Inflation surged to a fresh nine-year high of 6.7 percent in September, spurring calls for another interest rate hike to anchor elevated inflation expectations and temper consumer demand that could have lifted prices.
Duterte approves 'unimpeded' importation of rice to combat inflation
Ian Nicolas Cigaral ( - October 9, 2018 - 3:16pm

Government to impose price caps on chicken, pork

MANILA, Philippines — President Rodrigo Duterte has approved the “unimpeded” importation of rice in a bid to douse inflation that is now the hottest in Asia.

At a press conference Tuesday, presidential spokesperson Harry Roque said Duterte ordered the liberalization of rice importation during a Cabinet meeting last Monday, where policymakers had a “fierce” discussion on possible solutions to the country’s inflation problem.

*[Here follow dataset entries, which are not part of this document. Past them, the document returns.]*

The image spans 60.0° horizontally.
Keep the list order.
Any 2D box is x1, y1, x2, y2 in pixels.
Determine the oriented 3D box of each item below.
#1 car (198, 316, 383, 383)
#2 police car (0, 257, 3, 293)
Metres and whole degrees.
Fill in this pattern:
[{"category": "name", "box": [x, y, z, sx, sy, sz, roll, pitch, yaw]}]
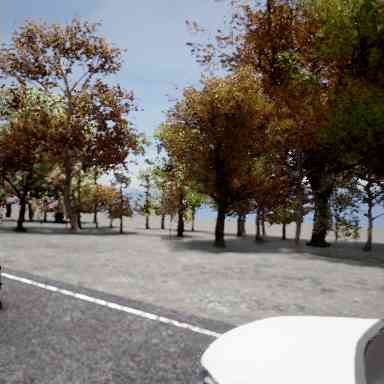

Roque explained that under the presidential order, individuals and businesses can import additional volumes of the crop from abroad but will have to pay the tariffs.

The Palace official added that the National Food Authority will no longer have a say on the amount of rice to be imported and on individuals who will be allowed to buy cheap rice from other countries.

“He (Duterte) wants to flood the market with rice so that even of the price of crude and other oil prices should go up further that the people would have access to affordable rice,” Roque said. “There are no more restrictions as long as tariffs are paid. We will use the collected tariffs to help Filipino rice farmers."

Prices began soaring at the start of the year after the government slapped higher excise taxes on fuel and other commodities. The price hikes quickly spread to cover more goods like rice amid persistent supply bottlenecks, while a weakening currency added to the country’s inflation woes.

Rice is a Filipino main staple and pivotal political commodity in the Philippines. It is a heavy item in the basket of goods and services used to compute inflation and accounts for 20 percent of the consumption of low-income households.

In September, inflation surged to a fresh nine-year high of 6.7 percent, spurring calls for another interest rate hike to anchor elevated inflation expectations and temper consumer demand that could have lifted prices.

But some analysts have pointed out that monetary policy tightening alone is not enough to bring down inflation, as higher prices in the Philippines are still supply-driven.

To combat multi-year high inflation, multiple reports say the Department of Trade and Industry and the Department of Agriculture will sign an agreement imposing suggested retail prices on chicken and pork, on top of other measures that seek to stabilize prices of farm products.

According to Roque, the Palace will still support the Rice Tariffication Bill, but will not wait for the measure to be passed as surging prices continue to crush Filipino families’ budgets.

EXPLAINER: Rice tariffication: What it is and how it can ease inflation

“In effect, we did not wait for the [rice tariffication bill]. The consensus was there was no need for anything,” Duterte’s spokesman said.

“The president can already order the liberalization of rice importation because again the language found in relevant instruments is ‘minimum access volume.’ So there is no maximum,” he added.